Supplied data:
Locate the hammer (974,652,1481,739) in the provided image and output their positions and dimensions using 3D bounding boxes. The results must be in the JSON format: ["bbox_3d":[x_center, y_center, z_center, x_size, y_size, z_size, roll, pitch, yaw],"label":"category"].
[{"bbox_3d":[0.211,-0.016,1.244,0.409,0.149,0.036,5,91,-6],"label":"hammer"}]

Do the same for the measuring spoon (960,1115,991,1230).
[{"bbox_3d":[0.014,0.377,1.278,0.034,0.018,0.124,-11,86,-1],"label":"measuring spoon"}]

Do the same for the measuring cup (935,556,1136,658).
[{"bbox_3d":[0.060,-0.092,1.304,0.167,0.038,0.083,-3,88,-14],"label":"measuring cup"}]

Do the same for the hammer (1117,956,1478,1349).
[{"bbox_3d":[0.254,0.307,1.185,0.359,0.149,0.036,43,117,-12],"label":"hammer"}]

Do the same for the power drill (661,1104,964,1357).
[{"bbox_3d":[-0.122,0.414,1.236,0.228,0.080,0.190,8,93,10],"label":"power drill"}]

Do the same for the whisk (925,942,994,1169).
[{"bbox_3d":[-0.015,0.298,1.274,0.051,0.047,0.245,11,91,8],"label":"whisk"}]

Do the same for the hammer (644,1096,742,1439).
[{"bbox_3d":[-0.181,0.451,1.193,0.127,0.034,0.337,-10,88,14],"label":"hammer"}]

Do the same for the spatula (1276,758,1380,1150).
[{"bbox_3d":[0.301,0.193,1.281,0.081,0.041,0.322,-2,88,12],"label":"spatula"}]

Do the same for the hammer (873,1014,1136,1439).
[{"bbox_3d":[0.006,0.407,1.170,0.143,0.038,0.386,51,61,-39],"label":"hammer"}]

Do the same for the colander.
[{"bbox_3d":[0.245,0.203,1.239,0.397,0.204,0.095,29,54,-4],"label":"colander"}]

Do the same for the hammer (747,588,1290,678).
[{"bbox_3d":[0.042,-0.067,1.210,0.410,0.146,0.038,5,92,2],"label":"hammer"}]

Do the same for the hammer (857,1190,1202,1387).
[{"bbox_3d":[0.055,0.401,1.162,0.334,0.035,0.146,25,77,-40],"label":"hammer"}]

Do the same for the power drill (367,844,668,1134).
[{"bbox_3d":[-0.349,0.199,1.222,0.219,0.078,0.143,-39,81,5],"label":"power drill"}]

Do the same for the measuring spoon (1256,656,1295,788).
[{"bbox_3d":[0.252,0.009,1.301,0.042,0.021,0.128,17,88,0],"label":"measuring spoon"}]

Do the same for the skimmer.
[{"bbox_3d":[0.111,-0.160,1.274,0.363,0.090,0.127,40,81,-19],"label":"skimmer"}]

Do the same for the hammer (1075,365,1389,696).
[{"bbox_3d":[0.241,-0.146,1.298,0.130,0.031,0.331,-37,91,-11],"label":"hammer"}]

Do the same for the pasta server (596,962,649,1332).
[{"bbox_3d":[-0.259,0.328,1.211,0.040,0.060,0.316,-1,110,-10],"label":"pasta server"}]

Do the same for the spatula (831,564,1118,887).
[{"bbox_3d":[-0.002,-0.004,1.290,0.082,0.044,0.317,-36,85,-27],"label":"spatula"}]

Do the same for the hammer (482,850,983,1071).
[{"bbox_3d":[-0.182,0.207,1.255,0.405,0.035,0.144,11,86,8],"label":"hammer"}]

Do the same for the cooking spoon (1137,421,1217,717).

Your assignment:
Take the line containing "Do the same for the spatula (831,564,1118,887)." as the start and the last line of the data as the end, and reproduce that range exactly.

Output of the task:
Do the same for the spatula (831,564,1118,887).
[{"bbox_3d":[-0.002,-0.004,1.290,0.082,0.044,0.317,-36,85,-27],"label":"spatula"}]

Do the same for the hammer (482,850,983,1071).
[{"bbox_3d":[-0.182,0.207,1.255,0.405,0.035,0.144,11,86,8],"label":"hammer"}]

Do the same for the cooking spoon (1137,421,1217,717).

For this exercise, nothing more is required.